- _Task instructions_:
Lines with "values": pull these out of the listing below.

- _Information provided_:
= Beginning of Section =
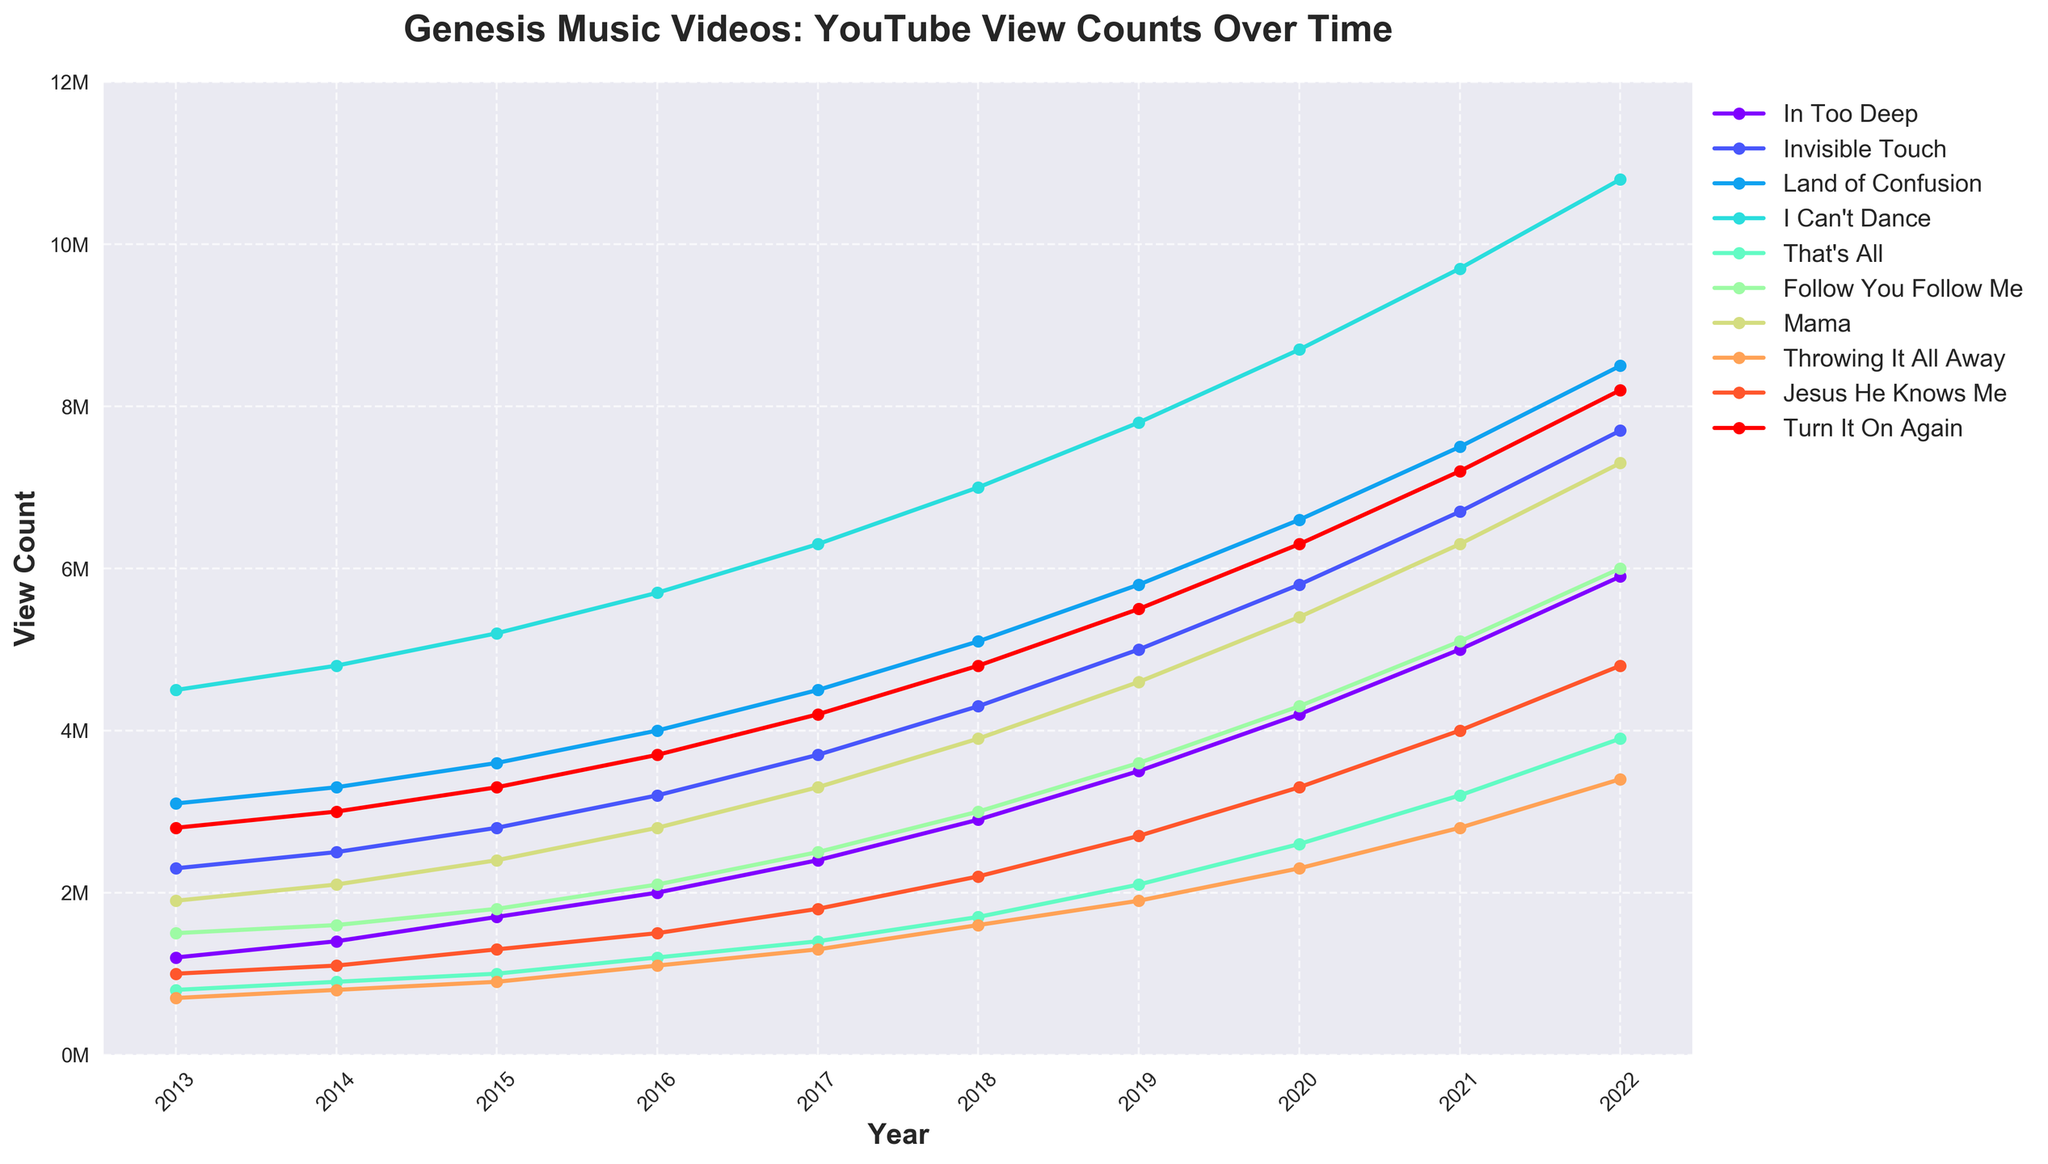what is the total view count for "Invisible Touch" for the entire decade? Sum the view counts of "Invisible Touch" from 2013 to 2022: 2,300,000 + 2,500,000 + 2,800,000 + 3,200,000 + 3,700,000 + 4,300,000 + 5,000,000 + 5,800,000 + 6,700,000 + 7,700,000 = 43,000,000
Answer: 43,000,000 Which music video had the highest increase in view count between 2013 and 2022? Calculate the difference in view count for each video between 2013 and 2022, then identify the video with the largest increase: (In Too Deep: 4,700,000, Invisible Touch: 5,400,000, Land of Confusion: 5,400,000, I Can't Dance: 6,300,000, That's All: 3,100,000, Follow You Follow Me: 4,500,000, Mama: 5,400,000, Throwing It All Away: 2,700,000, Jesus He Knows Me: 3,800,000, Turn It On Again: 5,400,000)
Answer: I Can't Dance In which year did "Turn It On Again" surpass the 5 million view count? Check the yearly view counts for "Turn It On Again" and identify the first year it exceeds 5,000,000: It has values 2,800,000 (2013), 3,000,000 (2014), 3,300,000 (2015), 3,700,000 (2016), 4,200,000 (2017), 4,800,000 (2018), 5,500,000 (2019), 6,300,000 (2020), 7,200,000 (2021), and 8,200,000 (2022)
Answer: 2019 What is the average view count for "Mama" from 2013 to 2022? Sum the view counts from 2013 to 2022 and divide by the number of years: (1,900,000 + 2,100,000 + 2,400,000 + 2,800,000 + 3,300,000 + 3,900,000 + 4,600,000 + 5,400,000 + 6,300,000 + 7,300,000) / 10 = 40,000,000 / 10
Answer: 4,000,000 By 2022, which music video has the second highest view count? Compare the view counts for all videos in 2022 and identify the video with the second-highest value: (In Too Deep: 5,900,000, Invisible Touch: 7,700,000, Land of Confusion: 8,500,000, I Can't Dance: 10,800,000, That's All: 3,900,000, Follow You Follow Me: 6,000,000, Mama: 7,300,000, Throwing It All Away: 3,400,000, Jesus He Knows Me: 4,800,000, Turn It On Again: 8,200,000)
Answer: Land of Confusion Which years did "I Can't Dance" surpass 7 million views? Identify the years in which "I Can't Dance" crossed 7 million: It has values 4,500,000 (2013), 4,800,000 (2014), 5,200,000 (2015), 5,700,000 (2016), 6,300,000 (2017), 7,000,000 (2018), 7,800,000 (2019), 8,700,000 (2020), 9,700,000 (2021), 10,800,000 (2022)
Answer: 2018-2022 
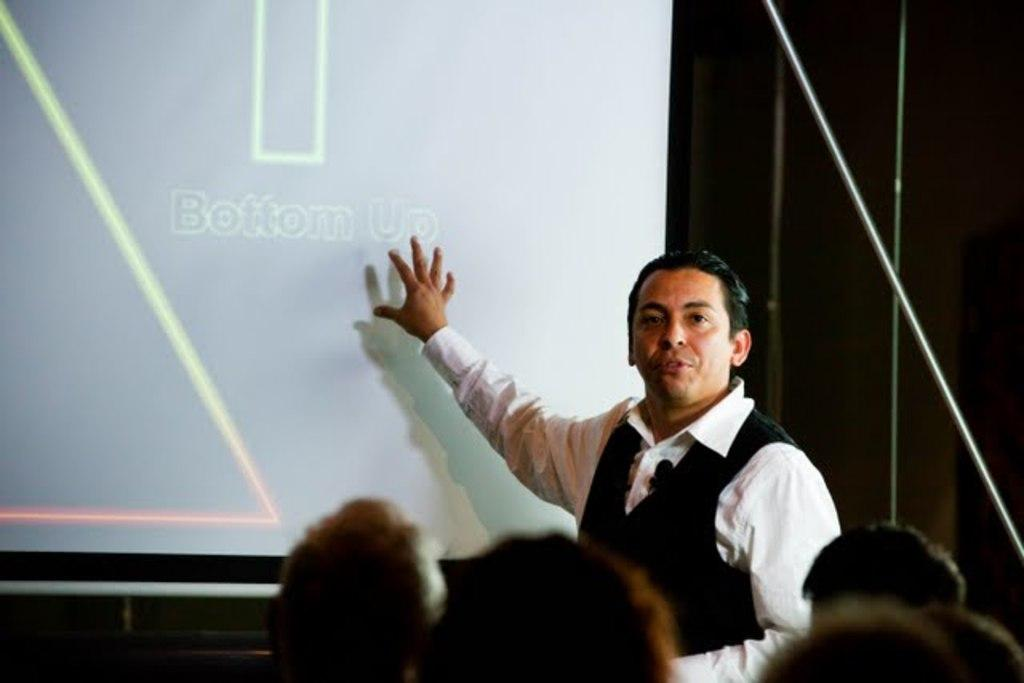What are the people in the image doing? The people in the image are sitting on chairs. Is there anyone standing in the image? Yes, there is a person standing on the floor in the image. What can be seen on the display screen in the image? The facts provided do not specify what is on the display screen. How many crows are sitting on the chairs in the image? There are no crows present in the image; it features people sitting on chairs and a person standing on the floor. 
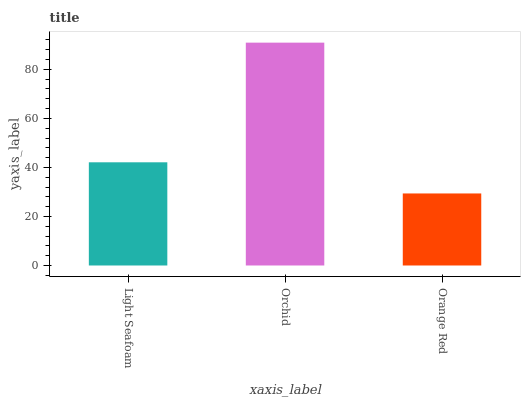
= End of Section =
- _Response_:
Answer: I Can't Dance In which year did "Turn It On Again" surpass the 5 million view count? Check the yearly view counts for "Turn It On Again" and identify the first year it exceeds 5,000,000: It has values 2,800,000 (2013), 3,000,000 (2014), 3,300,000 (2015), 3,700,000 (2016), 4,200,000 (2017), 4,800,000 (2018), 5,500,000 (2019), 6,300,000 (2020), 7,200,000 (2021), and 8,200,000 (2022)
Answer: Land of Confusion Which years did "I Can't Dance" surpass 7 million views? Identify the years in which "I Can't Dance" crossed 7 million: It has values 4,500,000 (2013), 4,800,000 (2014), 5,200,000 (2015), 5,700,000 (2016), 6,300,000 (2017), 7,000,000 (2018), 7,800,000 (2019), 8,700,000 (2020), 9,700,000 (2021), 10,800,000 (2022)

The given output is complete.